Things to see in Marrakech
Things to see in Marrakech: For the majority of people, Marrakech is the gateway to Morocco and the starting point for getting to know the country. Its undeniable advantages include a fusion of Moroccan and French culture, an incredible number of hip hotels, including small boutique and serious and luxurious establishments, a plethora of stylish shops and eateries, a respectable number of museums, lovely gardens, and the ease with which the city itself can be strolled.
In my perspective, Marrakech, Morocco, was pleasant, fascinating, safe, and clean. I’m not going to linger on it (how can Marrakech surprise me after Andijan or Termez, for example), but I’ve been asked what my thoughts are in this circumstance. Africa, the old city, whatever they claim. In reality, nothing. When a tourist arrives, there is always a bustle. Of course, everyone strives to encourage you to buy their items or follow their recommendations. However, because we are in the East, communication and commerce are strongly established. Every individual you approach in the medina will seek to find out where you are from, and when you respond with “Welcome to Marrakesh,” they will all smile. It is identical to Uzbekistan; however, only in Uzbekistan is the tourist sector and everything linked to professional welcome and satisfaction of guests on the verge of development.

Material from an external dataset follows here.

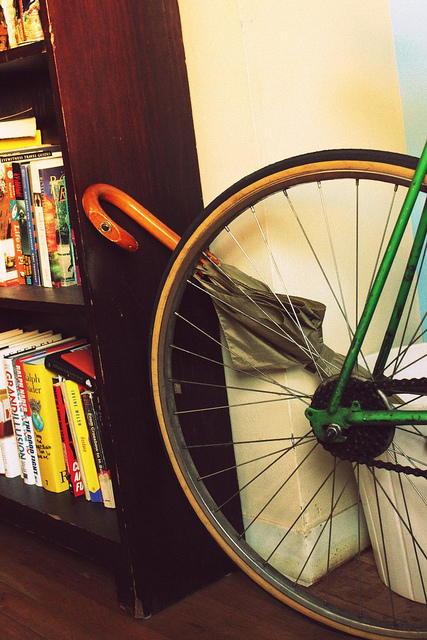What does the bike wheel signify? The presence of the bike wheel may signify a lifestyle choice favoring eco-friendly transport, a personal affinity for cycling, or it could be an innovative interior design element. It also adds a dynamic contrast to the static books, blending mobility with intellectual pursuits. 
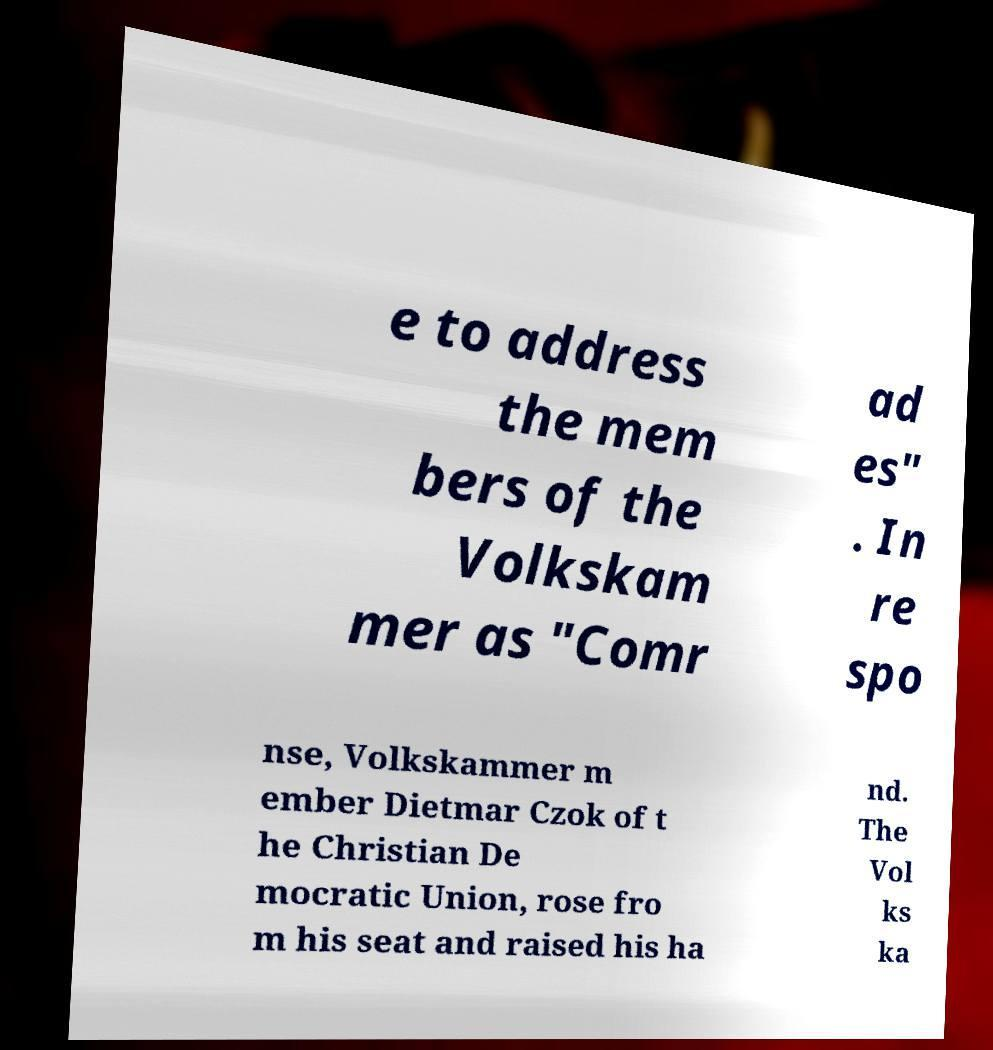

The direct flight, the unique blend of French and Moroccan, the developing hotel sector, and the abundance of hotels, some more opulent than others, were the main reasons we chose to visit. We were incredibly satisfied with the outcome. Even my spouse, who despises the East and all its bazaars, was receptive to the idea of returning to see the country for the first time. As a result, Marrakech, Morocco, did not intimidate him.
The vacation left us feeling tremendously satisfied. The answer is yes. We didn’t want to rush or go all over the place, even though they often spend less on Things to see in Marrakech.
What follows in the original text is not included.